BERLIN.- The Gropius Bau’s exhibition Garden of Earthly Delights sees over 20 international artists using the space of the garden as a metaphor for the state of the world, in an exploration of the complexities of our chaotic and increasingly precarious present.

For centuries, artists have worked with the theme of the garden as a place of inspiration and critical reflection. In today’s era, defined by radical climate change and migratory flows, the garden can be seen as a place of paradise and exile, reflecting within its borders themes as pressing as the anthropocene, seed politics, the legacies of colonialism and historical segregation.

Alongside the classical reading of the garden as a secluded and circumscribed place of yearning full of meditative, spiritual, and philosophical possibilities, it is viewed in the exhibition as a place of duality and contradiction: a threshold between reality and fantasy, utopia and dystopia, harmony and chaos, eros and perversion, naturalness and artificiality, between being shut out and being included. These myriad perspectives are also reflected in the selection of media, encompassing installation, performance, film and sound, paintings, photography, drawing, and sculpture.

In the atrium of the Gropius Bau, Rashid Johnson arranges groups of potted plants inside a steel framework, setting up a dialogue between the plants and objects made out of shea butter, recordings of Johnson’s earlier performances, and publications on the history of black communities in the US. This cosmos of living beings, cultural objects, sounds and media not only examines the opposition of nature and culture, but also raises the question of black identity.

Maria Thereza Alves, in turn, focuses in her work on the largely unobserved witnesses of our history – seeds that made their way to Europe as colonial loot, ballast for ships or for cultivating exotic crops. Using seeds found during excavations in Berlin near the river Spree, the artist creates a blossoming garden outside of the Gropius Bau that functions as an archaeological investigation of plants and politics.

While Alves makes history visible with blooming seeds, Jumana Manna directs her attention towards the future: her film work centres on the Global Seed Vault seed bank, where plant seeds are conserved for a future time when their habitats will no longer exist due to climate change. Located on an island in the Arctic Ocean, the seed bank is revealed here as a place where global issues of catastrophic climate change, environmental protection and biodiversity come together in dynamic fashion.

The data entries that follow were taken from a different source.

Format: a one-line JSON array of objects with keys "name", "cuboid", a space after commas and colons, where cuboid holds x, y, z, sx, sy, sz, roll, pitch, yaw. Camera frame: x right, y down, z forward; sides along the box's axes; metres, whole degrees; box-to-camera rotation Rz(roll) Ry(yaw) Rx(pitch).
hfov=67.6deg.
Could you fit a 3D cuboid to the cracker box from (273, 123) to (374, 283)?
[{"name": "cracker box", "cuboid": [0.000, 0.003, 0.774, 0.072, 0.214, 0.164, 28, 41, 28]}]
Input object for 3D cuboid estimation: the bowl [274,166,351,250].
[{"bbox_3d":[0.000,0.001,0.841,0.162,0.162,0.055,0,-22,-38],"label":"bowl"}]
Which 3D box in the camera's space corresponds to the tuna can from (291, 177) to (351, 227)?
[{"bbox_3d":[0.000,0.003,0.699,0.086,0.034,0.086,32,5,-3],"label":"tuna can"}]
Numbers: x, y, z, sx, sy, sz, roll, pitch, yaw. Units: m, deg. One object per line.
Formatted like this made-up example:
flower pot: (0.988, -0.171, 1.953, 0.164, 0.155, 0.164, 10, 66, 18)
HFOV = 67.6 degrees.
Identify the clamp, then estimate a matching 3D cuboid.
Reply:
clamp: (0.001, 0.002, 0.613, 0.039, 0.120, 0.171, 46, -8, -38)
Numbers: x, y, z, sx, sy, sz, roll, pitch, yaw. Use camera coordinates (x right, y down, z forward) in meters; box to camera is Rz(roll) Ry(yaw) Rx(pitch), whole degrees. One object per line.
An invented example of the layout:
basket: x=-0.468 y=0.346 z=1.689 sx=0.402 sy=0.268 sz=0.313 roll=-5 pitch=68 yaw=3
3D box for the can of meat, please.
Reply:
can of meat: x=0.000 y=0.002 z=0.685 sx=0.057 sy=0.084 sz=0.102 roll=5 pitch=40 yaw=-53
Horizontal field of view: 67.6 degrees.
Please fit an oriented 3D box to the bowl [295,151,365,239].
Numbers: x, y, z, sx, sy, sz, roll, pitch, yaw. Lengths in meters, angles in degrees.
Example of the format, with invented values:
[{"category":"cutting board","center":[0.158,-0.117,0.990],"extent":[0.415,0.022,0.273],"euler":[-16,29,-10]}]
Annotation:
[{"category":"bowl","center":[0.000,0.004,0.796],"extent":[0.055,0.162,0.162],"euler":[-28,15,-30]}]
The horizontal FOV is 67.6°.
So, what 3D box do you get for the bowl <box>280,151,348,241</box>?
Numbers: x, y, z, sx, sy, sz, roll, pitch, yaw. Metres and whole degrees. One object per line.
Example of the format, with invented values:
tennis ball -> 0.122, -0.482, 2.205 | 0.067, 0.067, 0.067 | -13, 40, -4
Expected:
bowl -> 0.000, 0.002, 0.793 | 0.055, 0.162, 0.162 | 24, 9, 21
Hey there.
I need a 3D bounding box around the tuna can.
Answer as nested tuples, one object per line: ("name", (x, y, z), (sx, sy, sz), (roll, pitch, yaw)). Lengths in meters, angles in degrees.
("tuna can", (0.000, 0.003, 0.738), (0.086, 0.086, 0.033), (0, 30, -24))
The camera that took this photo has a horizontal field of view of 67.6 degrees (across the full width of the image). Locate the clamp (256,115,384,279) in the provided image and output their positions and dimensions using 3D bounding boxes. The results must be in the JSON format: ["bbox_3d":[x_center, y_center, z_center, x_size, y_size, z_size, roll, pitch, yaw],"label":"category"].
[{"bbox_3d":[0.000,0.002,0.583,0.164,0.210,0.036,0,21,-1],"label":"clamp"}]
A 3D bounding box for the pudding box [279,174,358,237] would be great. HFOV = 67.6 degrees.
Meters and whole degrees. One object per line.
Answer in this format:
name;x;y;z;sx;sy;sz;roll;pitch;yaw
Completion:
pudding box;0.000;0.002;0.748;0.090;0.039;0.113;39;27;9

In addition to deliberate political positions, the Garden of Earthly Delights features works that also bring to life the sensual dimensions of gardens – for example Hicham Berrada’s immersive installation that inverts the rhythm of day and night. The darkening of the exhibition space induces night-blooming jasmine to release its intense odour, conveying visitors towards a dream world free of any temporal context.

Pipilotti Rist invites visitors to lose themselves in a paradisiacal vision of the garden filled with rich colours and atmospheric sounds; in her video work she creates a nonthreatening utopia in which two women devote themselves to sensuously exploring a seemingly endless abundance of nature and their own physicality.

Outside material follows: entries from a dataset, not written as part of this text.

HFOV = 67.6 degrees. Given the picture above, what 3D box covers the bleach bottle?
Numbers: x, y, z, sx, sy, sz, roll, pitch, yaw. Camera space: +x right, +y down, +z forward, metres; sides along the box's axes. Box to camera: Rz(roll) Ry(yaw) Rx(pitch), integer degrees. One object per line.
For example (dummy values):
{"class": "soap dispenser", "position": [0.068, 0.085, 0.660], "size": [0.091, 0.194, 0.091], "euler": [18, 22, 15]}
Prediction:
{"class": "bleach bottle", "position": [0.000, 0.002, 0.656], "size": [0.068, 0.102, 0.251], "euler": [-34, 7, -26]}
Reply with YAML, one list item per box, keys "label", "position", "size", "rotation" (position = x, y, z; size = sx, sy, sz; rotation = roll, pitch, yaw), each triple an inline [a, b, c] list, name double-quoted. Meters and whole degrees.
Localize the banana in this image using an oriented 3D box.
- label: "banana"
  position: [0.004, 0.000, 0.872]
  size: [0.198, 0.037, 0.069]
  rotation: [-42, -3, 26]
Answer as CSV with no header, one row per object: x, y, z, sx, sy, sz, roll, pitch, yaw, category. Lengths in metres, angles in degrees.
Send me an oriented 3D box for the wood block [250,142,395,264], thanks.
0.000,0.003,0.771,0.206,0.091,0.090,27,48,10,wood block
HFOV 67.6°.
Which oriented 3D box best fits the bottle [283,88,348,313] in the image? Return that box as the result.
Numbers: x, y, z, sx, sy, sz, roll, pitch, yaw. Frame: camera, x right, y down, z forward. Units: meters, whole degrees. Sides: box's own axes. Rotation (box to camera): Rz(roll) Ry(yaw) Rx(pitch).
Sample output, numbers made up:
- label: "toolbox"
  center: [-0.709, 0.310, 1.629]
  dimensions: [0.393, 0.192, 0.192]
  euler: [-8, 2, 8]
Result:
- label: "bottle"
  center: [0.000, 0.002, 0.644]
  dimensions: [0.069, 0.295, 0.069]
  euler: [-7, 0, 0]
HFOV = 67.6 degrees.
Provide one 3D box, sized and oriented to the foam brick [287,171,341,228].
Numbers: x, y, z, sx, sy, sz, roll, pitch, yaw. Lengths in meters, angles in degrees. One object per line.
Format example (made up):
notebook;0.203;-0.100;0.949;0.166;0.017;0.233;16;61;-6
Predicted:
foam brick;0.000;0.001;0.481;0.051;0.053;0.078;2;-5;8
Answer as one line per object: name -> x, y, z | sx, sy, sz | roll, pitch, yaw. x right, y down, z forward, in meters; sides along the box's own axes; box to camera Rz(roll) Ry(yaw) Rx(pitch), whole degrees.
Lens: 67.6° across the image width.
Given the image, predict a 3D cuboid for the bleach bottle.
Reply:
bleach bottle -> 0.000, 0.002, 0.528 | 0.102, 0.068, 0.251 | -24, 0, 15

A new work by Nathalie Djurberg and Hans Berg, on the other hand, draws attention to the fragility of the paradisiacal state: virtual-reality headsets allow visitors to visually walk between heaven and hell, fluidly merging into one another and dominating the experience of the installation depending on the angle of view.

Yayoi Kusama also reflects the closeness of utopia and dystopia, joy and fear; visitors move around between three larger-than-life tulips inside a room completely covered with dots characteristic of the artist's work. The dissolving of spatial dimensions and familiar perspectives transforms the initially friendly and playful scenario into an increasingly threatening environment where the distortions contain traits of the delusional.

The exhibition’s combining of the catastrophic and the paradisiacal takes its inspiration from Hieronymus Bosch’s 15th-century triptych The Garden of Earthly Delights, which also provides the exhibition its title. Bosch chose a conceptually polarized approach for this work, in which heaven and hell, joy and pain are closely intertwined. A version of Garden of Earthly Delights dating from 1535 to 1550, created by the school of Hieronymus Bosch, thus provides a point of departure for the exhibition and introduces visitors to the inner contradictions of the traditional, Christian variant of the garden. A Persian Garden Carpet from the late 18th century expands on this point of view and can be seen in the same room. It depicts the concept of paradise as a walled space (pairidaeza), whose inner logic and harmony are ensured by the protection of a surrounding wall.

At the same time, the exhibition focuses on the philosophical role the garden plays in many Asian cultures. Taro Shinoda takes up the traditional image of Japanese gardens consisting of stone arrangements that are only supposed to be viewed from a certain angle. In his new work, created especially for the exhibition, he uses photographs to recreate these stones out of marble – a material strongly associated with Western culture. Shinoda designed the sides of the stones facing away from viewers to the Japanese garden as smooth curves lacking structures. While visitors to the Gropius Bau can move freely between the replicas, Shinoda’s reconstruction never obscures the fact that is only the image of a garden.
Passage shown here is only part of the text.